The critics applauded Season 3 of Halt and Catch Fire, with Vox naming it the year’s top show and several other news outlets, including Variety, The Atlantic and Slate, adding it on their lists of 2016’s best.
• Halt and Catch Fire is Vox‘s best show of the year because it’s “a potent look back at the earliest days of the internet that also glimpsed, through some hazy curtain, the world we live in right now.”
• Variety‘s Maureen Ryan names Halt and Catch Fire one of TV’s top 20 shows this year: “What an assured and entertaining third season, one that once again limned the perils of mixing friendship and business.” Halt also ranks highly on Variety TV Critic Sonia Saraiya’s list.
• The Economist explains why Halt and Catch Fire “has been one of television’s best offerings for three seasons now.”
• Honoring the year’s best TV shows, The Atlantic applauds Halt and Catch Fire, which “reached its greatest heights, mixing dark personal drama into a grander ballad of the tech world’s fatal flaws.”
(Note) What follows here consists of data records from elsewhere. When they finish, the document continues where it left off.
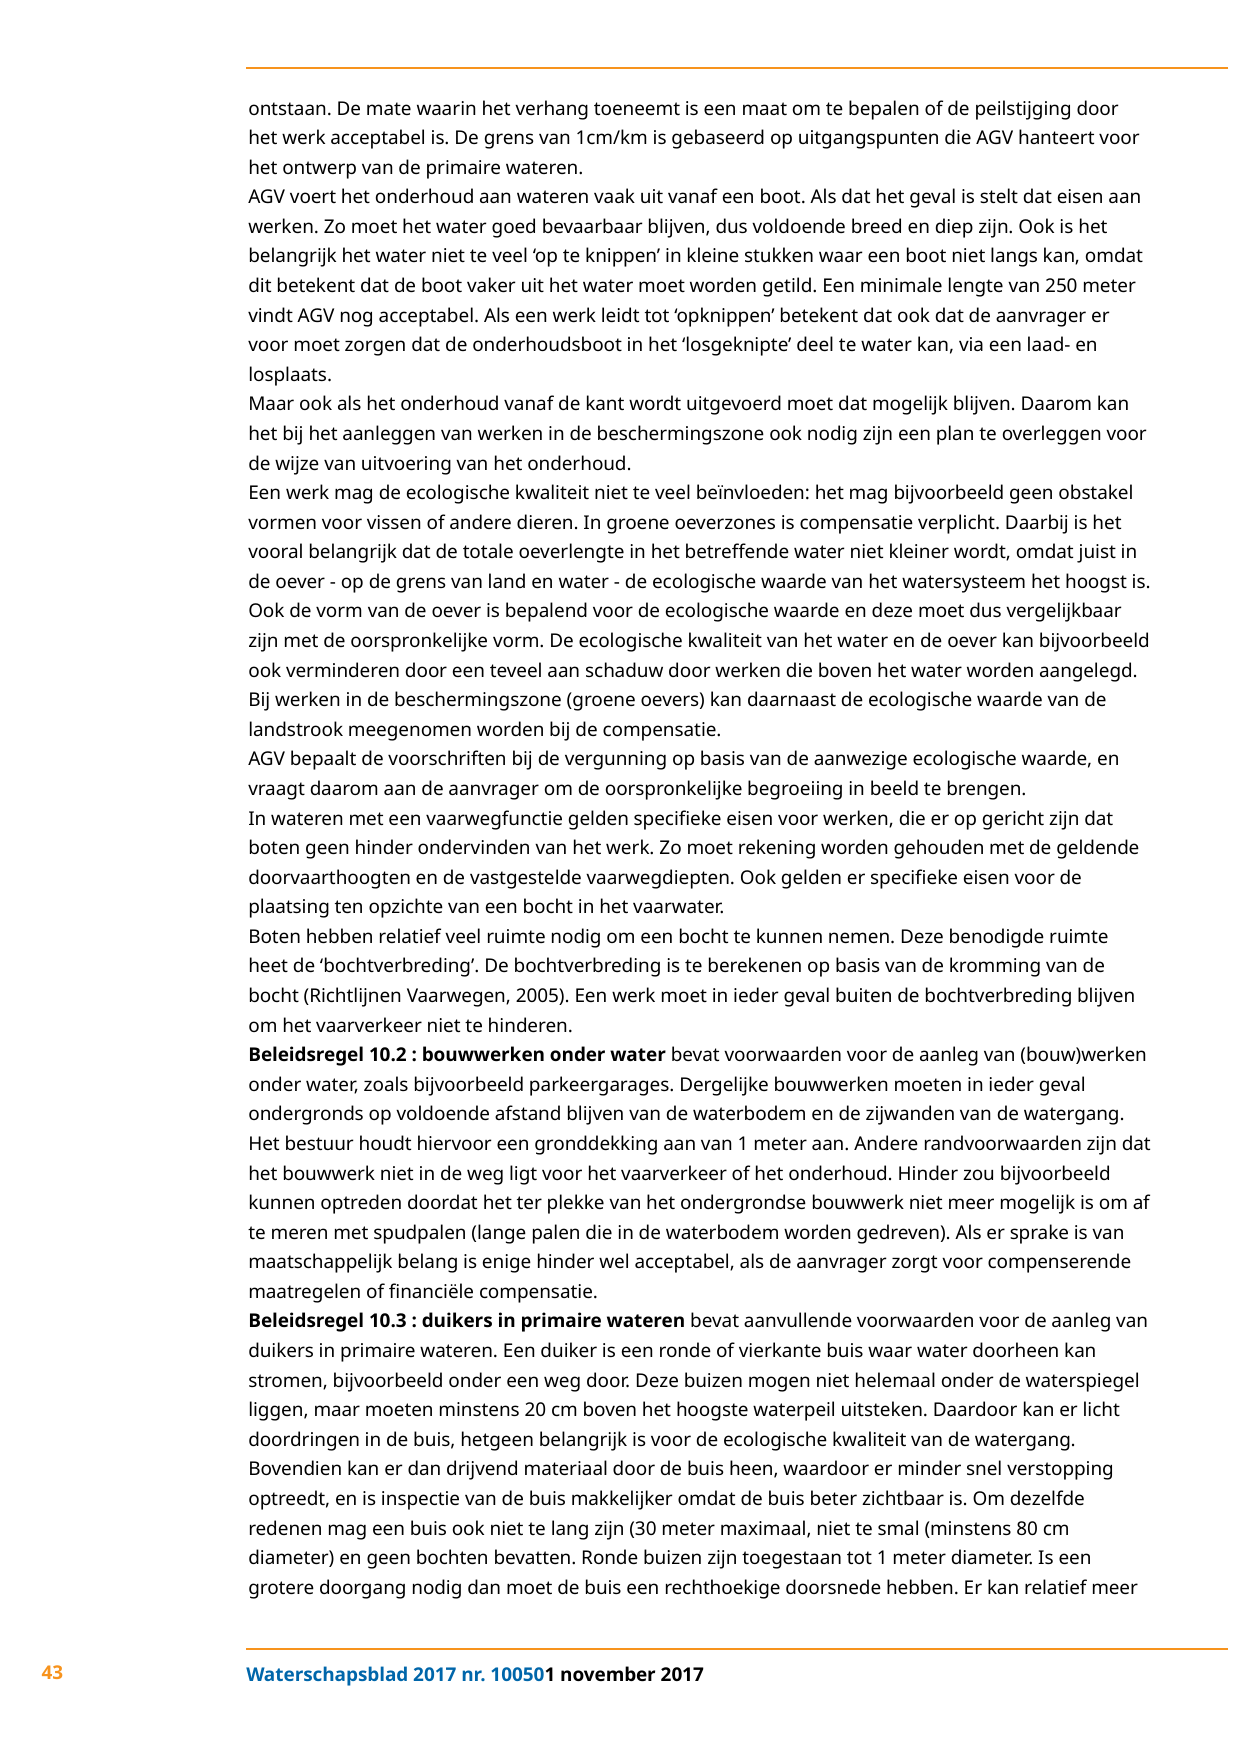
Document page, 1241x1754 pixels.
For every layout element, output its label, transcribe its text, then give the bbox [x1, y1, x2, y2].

text ontstaan. De mate waarin het verhang toeneemt is een maat om te bepalen of de peilstijging door het werk acceptabel is. De grens van 1cm/km is gebaseerd op uitgangspunten die AGV hanteert voor het ontwerp van de primaire wateren. [248, 95, 1152, 180]
text Beleidsregel 10.2 : bouwwerken onder water bevat voorwaarden voor de aanleg van (bouw)werken onder water, zoals bijvoorbeeld parkeergarages. Dergelijke bouwwerken moeten in ieder geval ondergronds op voldoende afstand blijven van de waterbodem en de zijwanden van de watergang. Het bestuur houdt hiervoor een gronddekking aan van 1 meter aan. Andere randvoorwaarden zijn dat het bouwwerk niet in de weg ligt voor het vaarverkeer of het onderhoud. Hinder zou bijvoorbeeld kunnen optreden doordat het ter plekke van het ondergrondse bouwwerk niet meer mogelijk is om af te meren met spudpalen (lange palen die in de waterbodem worden gedreven). Als er sprake is van maatschappelijk belang is enige hinder wel acceptabel, als de aanvrager zorgt voor compenserende maatregelen of financiële compensatie. [248, 1041, 1152, 1304]
text Beleidsregel 10.3 : duikers in primaire wateren bevat aanvullende voorwaarden voor de aanleg van duikers in primaire wateren. Een duiker is een ronde of vierkante buis waar water doorheen kan stromen, bijvoorbeeld onder een weg door. Deze buizen mogen niet helemaal onder de waterspiegel liggen, maar moeten minstens 20 cm boven het hoogste waterpeil uitsteken. Daardoor kan er licht doordringen in de buis, hetgeen belangrijk is voor de ecologische kwaliteit van de watergang. Bovendien kan er dan drijvend materiaal door de buis heen, waardoor er minder snel verstopping optreedt, en is inspectie van de buis makkelijker omdat de buis beter zichtbaar is. Om dezelfde redenen mag een buis ook niet te lang zijn (30 meter maximaal, niet te smal (minstens 80 cm diameter) en geen bochten bevatten. Ronde buizen zijn toegestaan tot 1 meter diameter. Is een grotere doorgang nodig dan moet de buis een rechthoekige doorsnede hebben. Er kan relatief meer [248, 1308, 1152, 1600]
text In wateren met een vaarwegfunctie gelden specifieke eisen voor werken, die er op gericht zijn dat boten geen hinder ondervinden van het werk. Zo moet rekening worden gehouden met de geldende doorvaarthoogten en de vastgestelde vaarwegdiepten. Ook gelden er specifieke eisen voor de plaatsing ten opzichte van een bocht in het vaarwater. [248, 805, 1152, 919]
text Een werk mag de ecologische kwaliteit niet te veel beïnvloeden: het mag bijvoorbeeld geen obstakel vormen voor vissen of andere dieren. In groene oeverzones is compensatie verplicht. Daarbij is het vooral belangrijk dat de totale oeverlengte in het betreffende water niet kleiner wordt, omdat juist in de oever - op de grens van land en water - de ecologische waarde van het watersysteem het hoogst is. Ook de vorm van de oever is bepalend voor de ecologische waarde en deze moet dus vergelijkbaar zijn met de oorspronkelijke vorm. De ecologische kwaliteit van het water en de oever kan bijvoorbeeld ook verminderen door een teveel aan schaduw door werken die boven het water worden aangelegd. Bij werken in de beschermingszone (groene oevers) kan daarnaast de ecologische waarde van de landstrook meegenomen worden bij de compensatie. [248, 479, 1152, 742]
text AGV bepaalt de voorschriften bij de vergunning op basis van de aanwezige ecologische waarde, en vraagt daarom aan de aanvrager om de oorspronkelijke begroeiing in beeld te brengen. [248, 746, 1152, 801]
text Boten hebben relatief veel ruimte nodig om een bocht te kunnen nemen. Deze benodigde ruimte heet de ‘bochtverbreding’. De bochtverbreding is te berekenen op basis van de kromming van de bocht (Richtlijnen Vaarwegen, 2005). Een werk moet in ieder geval buiten de bochtverbreding blijven om het vaarverkeer niet te hinderen. [248, 923, 1152, 1038]
picture [41, 47, 231, 172]
text AGV voert het onderhoud aan wateren vaak uit vanaf een boot. Als dat het geval is stelt dat eisen aan werken. Zo moet het water goed bevaarbaar blijven, dus voldoende breed en diep zijn. Ook is het belangrijk het water niet te veel ‘op te knippen’ in kleine stukken waar een boot niet langs kan, omdat dit betekent dat de boot vaker uit het water moet worden getild. Een minimale lengte van 250 meter vindt AGV nog acceptabel. Als een werk leidt tot ‘opknippen’ betekent dat ook dat de aanvrager er voor moet zorgen dat de onderhoudsboot in het ‘losgeknipte’ deel te water kan, via een laad- en losplaats. [248, 183, 1152, 387]
text Maar ook als het onderhoud vanaf de kant wordt uitgevoerd moet dat mogelijk blijven. Daarom kan het bij het aanleggen van werken in de beschermingszone ook nodig zijn een plan te overleggen voor de wijze van uitvoering van het onderhoud. [248, 391, 1152, 476]

• Halt and Catch Fire is one of A.V. Club‘s top 10 shows this year: “For a show that’s ostensibly about machines and their socially maladroit creators, AMC’s Halt And Catch Fire has evolved into one of television’s most deeply human dramas.”
• Slate places Halt and Catch Fire on its list of the top 10 TV shows of 2016, explaining the fun of the show is “the rich primary relationships among the four protagonists, all entangled in competition, misunderstanding, love, and grudging respect.”
• Halt and Catch Fire is one of the top 10 TV shows, according to Uproxx, which says Season 3 “will be hard to top, but one that’s merely just as good will ensure Halt goes out as a worthy successor to the early AMC dramas that helped lead to Peak TV.”
• TV Fanatic says of Halt and Catch Fire that it takes the characters “in wildly different, but mostly successful directions, and what happens along the way is incredible.”
• Paste calls Halt and Catch Fire one of the year’s best, applauding it as a series full of “broken characters you really can’t help but root for.”
• A.V. Club recognizes Toby Huss’s performance as one of the year’s best because the actor “brings a layered, understated soulfulness to ‘Bos’ and his feelings of being estranged… that makes him more than just the crusty, pearl-snap-shirt foil to his young punk co-workers.”
• Vulture is a fan of the show’s use of the Pixies’ “Velouria” in “NIM“: “A key marker of the show’s time-jump, the song had an even more important function, namely letting Joe and Cameron shake free of their past and simply revel in one another’s company, if only for a few minutes.”